━━ DATASET ━━

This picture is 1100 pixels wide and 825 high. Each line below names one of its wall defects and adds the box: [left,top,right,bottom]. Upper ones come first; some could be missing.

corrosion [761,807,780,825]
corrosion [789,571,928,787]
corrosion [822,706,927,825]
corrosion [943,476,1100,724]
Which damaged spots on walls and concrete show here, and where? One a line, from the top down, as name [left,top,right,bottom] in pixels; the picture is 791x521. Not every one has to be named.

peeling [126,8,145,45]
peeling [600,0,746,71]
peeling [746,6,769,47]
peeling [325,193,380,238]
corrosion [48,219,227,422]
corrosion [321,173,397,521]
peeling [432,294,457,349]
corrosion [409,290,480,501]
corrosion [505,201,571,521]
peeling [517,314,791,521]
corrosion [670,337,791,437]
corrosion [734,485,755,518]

━━━
━━ DATASET ━━

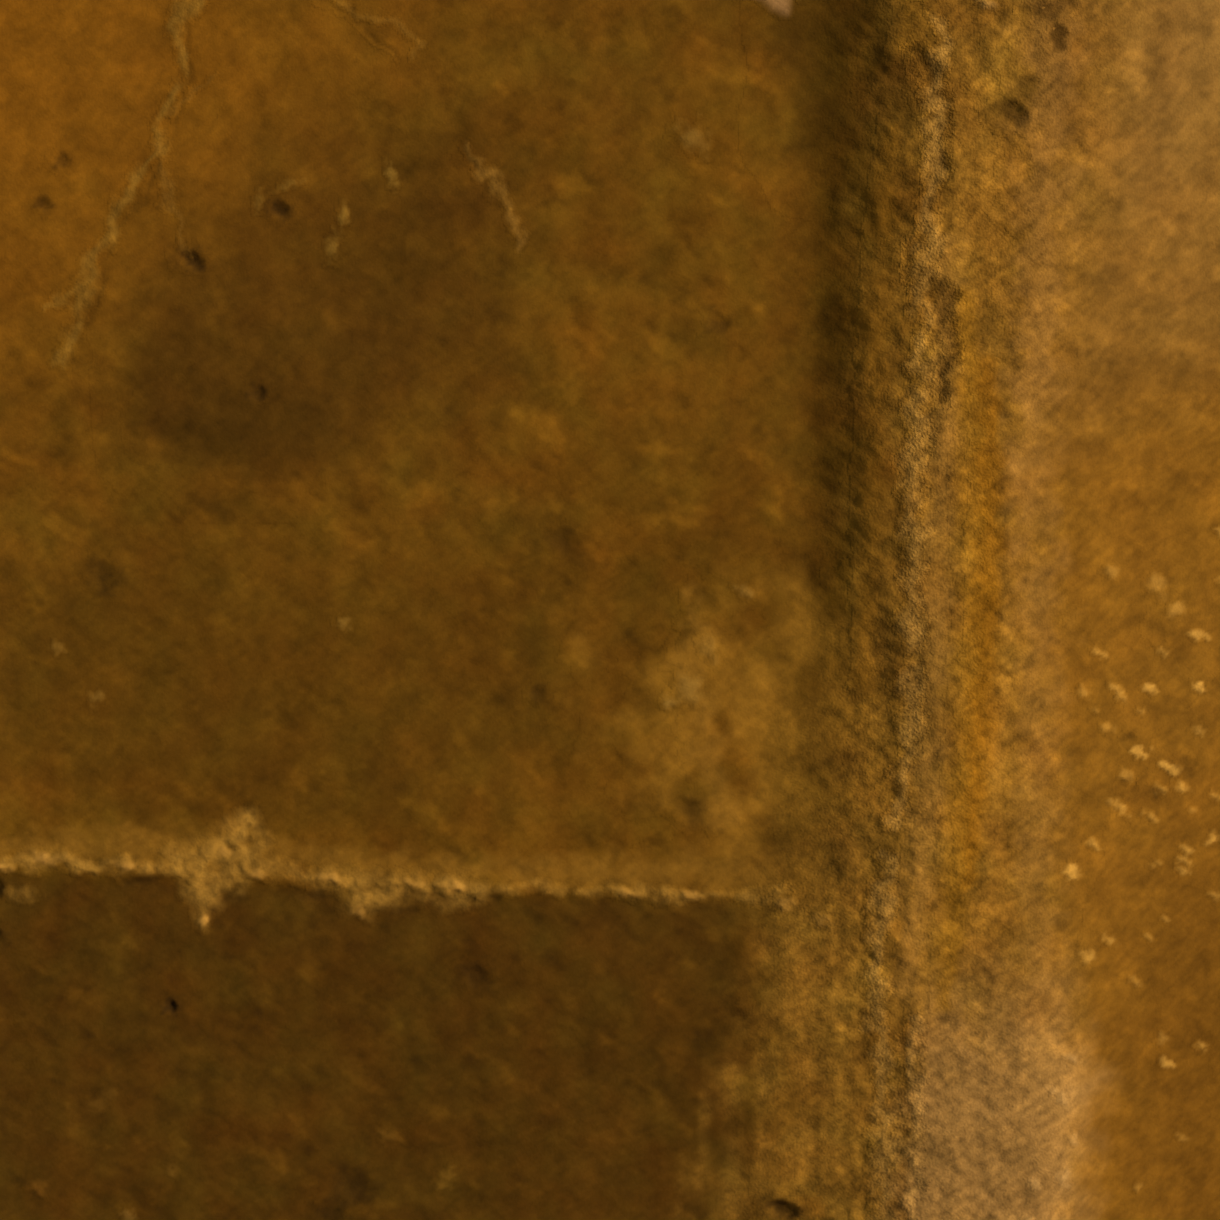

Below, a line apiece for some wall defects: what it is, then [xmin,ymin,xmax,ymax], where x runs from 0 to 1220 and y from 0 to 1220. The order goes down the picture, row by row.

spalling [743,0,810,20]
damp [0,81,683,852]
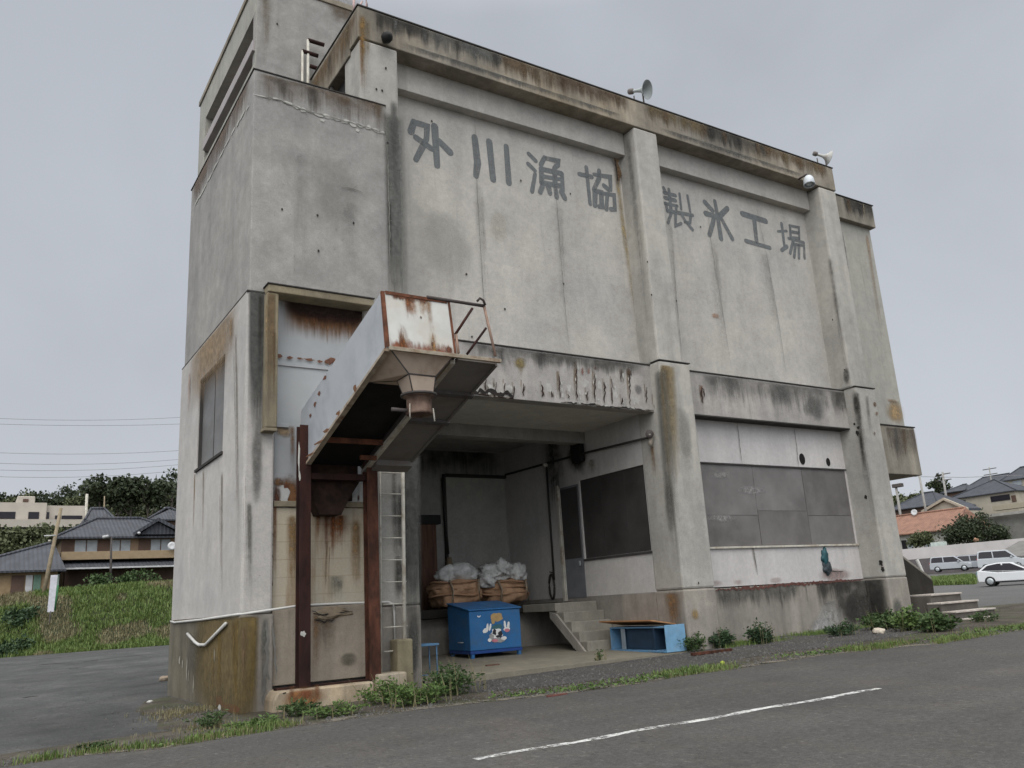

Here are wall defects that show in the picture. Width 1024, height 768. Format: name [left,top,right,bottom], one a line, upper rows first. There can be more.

━━━

Copy word for word the span of the records above that begins at the line with "Below, a line" and ends at the line with "Here are wall", including those two lines but not the pictures.

**ANSWER FOR THE TASK**
Below, a line apiece for some wall defects: what it is, then [xmin,ymin,xmax,ymax], where x runs from 0 to 1220 and y from 0 to 1220. The order goes down the picture, row by row.

spalling [743,0,810,20]
damp [0,81,683,852]

Here are wall defects that show in the picture. Width 1024, height 768. Format: name [left,top,right,bottom], one a line, upper rows first. There can be more.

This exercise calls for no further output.